The
audience in _Twelfth Night_ is taken into confidence and made aware of
Viola's real nature from the start, while Euphrasia's _incognito_ is
preserved till the fifth act, and then disclosed by an accident. This
kind of mystification and surprise was a trick below Shakspere. In this
instance, moreover, it involved a departure from dramatic probability.

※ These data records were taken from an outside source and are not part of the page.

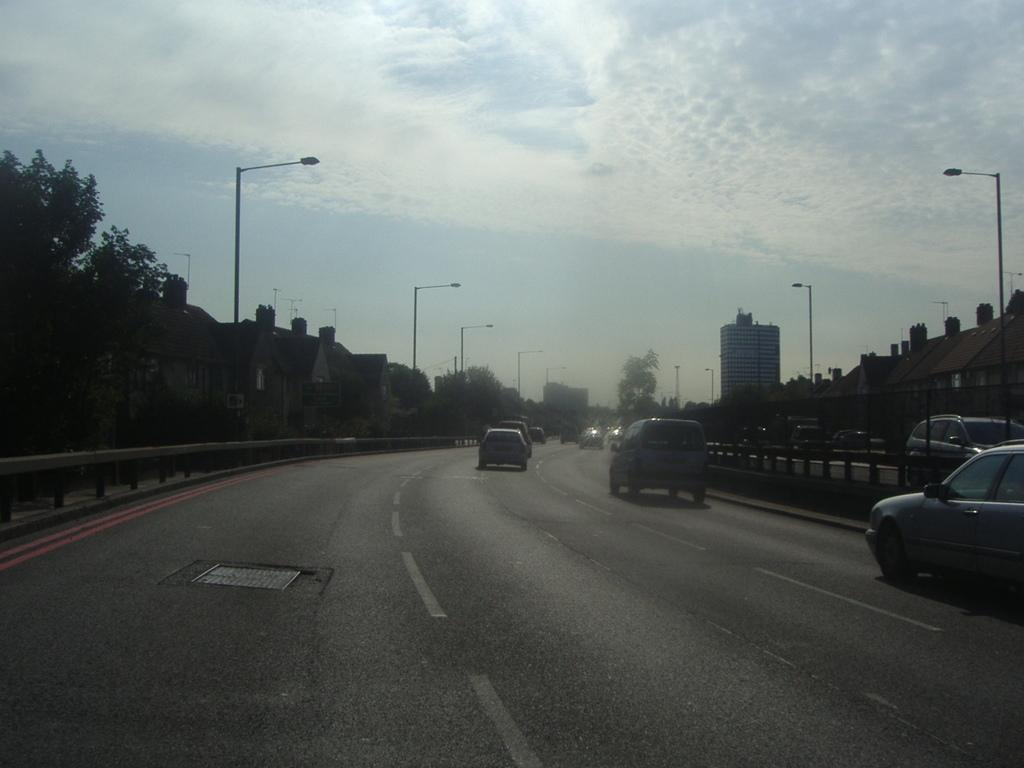What is happening on the road in the image? Vehicles are moving on the road. What can be seen in the background of the image? There are trees, plants, buildings, street lights, vehicles, and the sky visible in the background. Can you describe the setting of the image? The image shows a road with vehicles moving, surrounded by trees, plants, buildings, and street lights in the background, with the sky visible above. How does the lift help the vehicles move in the image? There is no lift present in the image; vehicles are moving on the road without any assistance from a lift. 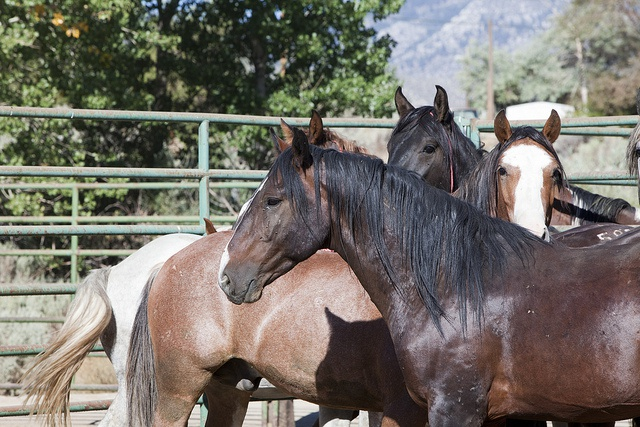Describe the objects in this image and their specific colors. I can see horse in black, gray, maroon, and darkgray tones, horse in black, darkgray, and gray tones, horse in black, gray, white, and darkgray tones, and horse in black, lightgray, darkgray, and tan tones in this image. 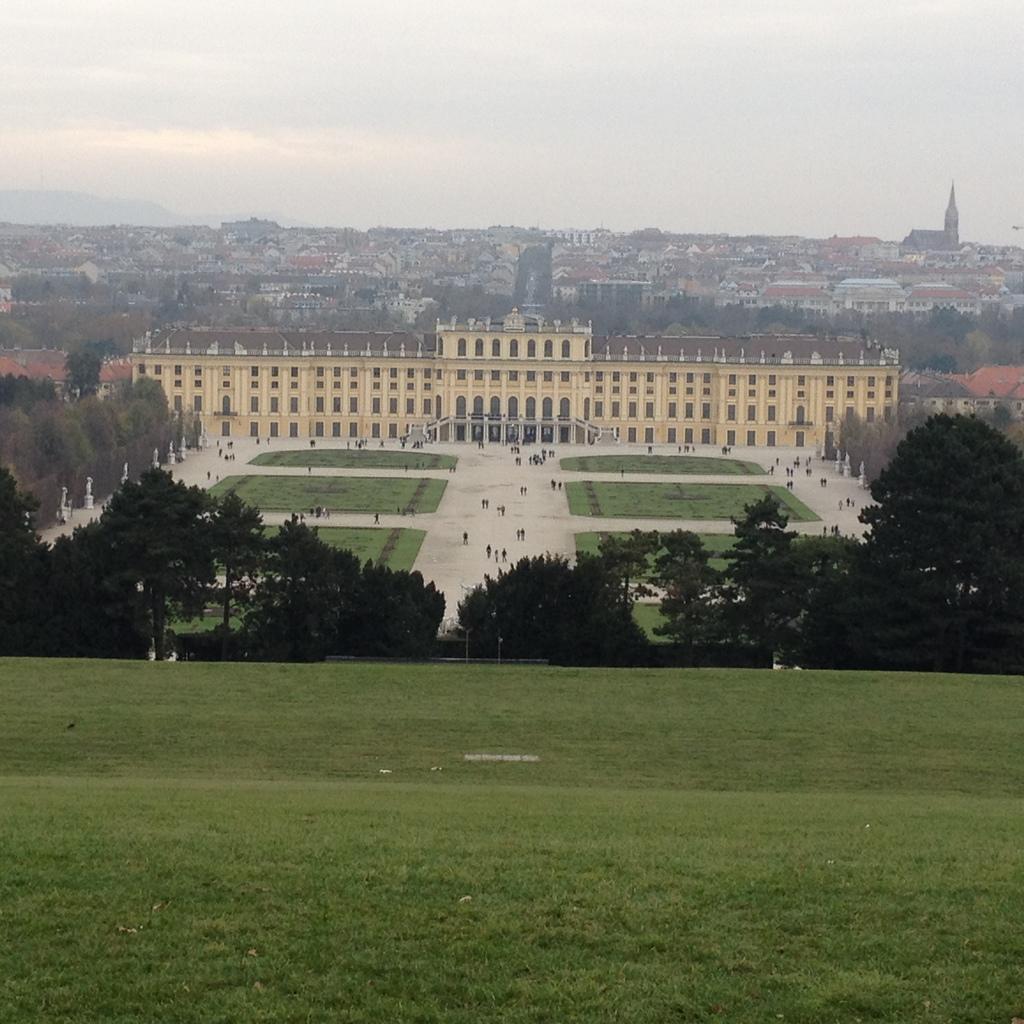Could you give a brief overview of what you see in this image? In this image I can see few buildings, few trees, green grass and few people around. The sky is in white and blue color. 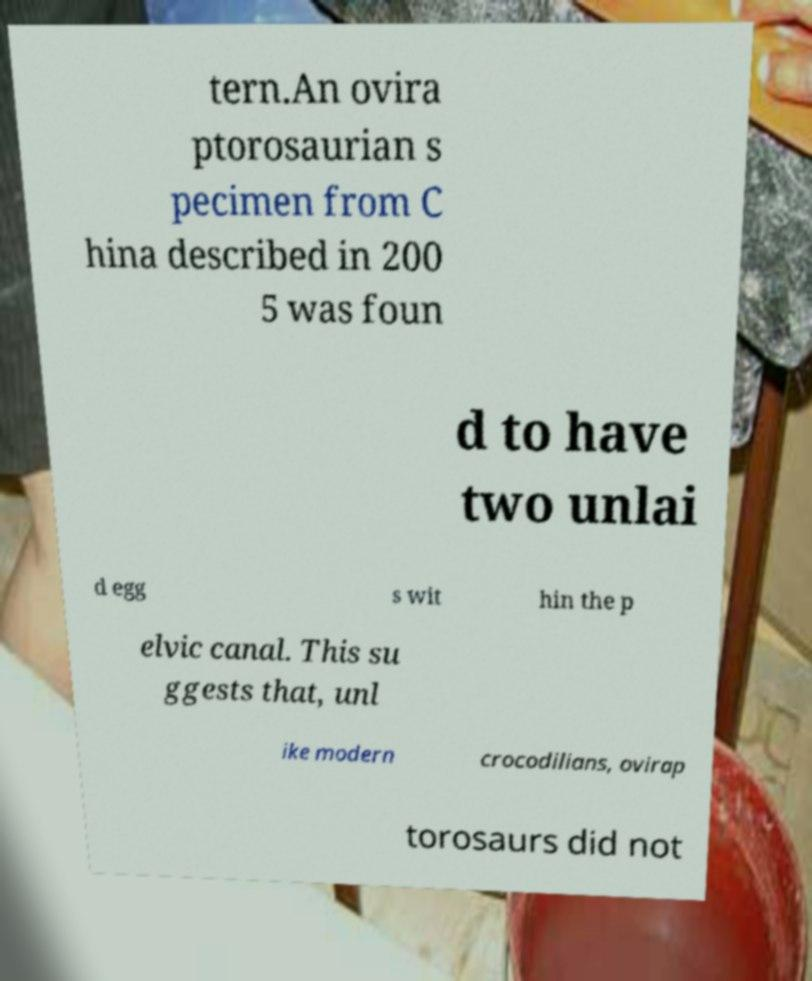Could you extract and type out the text from this image? tern.An ovira ptorosaurian s pecimen from C hina described in 200 5 was foun d to have two unlai d egg s wit hin the p elvic canal. This su ggests that, unl ike modern crocodilians, ovirap torosaurs did not

Euphrasia could, at any moment, by revealing her identity, have averted
the greatest sufferings and dangers from Philaster, Arethusa, and
herself, and the only motive for her keeping silence is represented to
have been a feeling of maidenly shame at her position. Such strained and
fantastic motives are too often made the pivot of the action in Beaumont
and Fletcher's tragi-comedies. Their characters have not the depth and
truth of Shakspere's, nor are they drawn so sharply. One reads their
plays with pleasure, and remembers here and there a passage of fine
poetry, or a noble or lovely trait, but their characters, as wholes,
leave a fading impression. Who, even after a single reading or
representation, ever forgets Falstaff, or Shylock, or King Lear?
The moral inferiority of Beaumont and Fletcher is well seen in such a
play as _A King and No King_. Here Arbaces falls in love with his
sister, and, after a furious conflict in his own mind, finally succumbs
to his guilty passion.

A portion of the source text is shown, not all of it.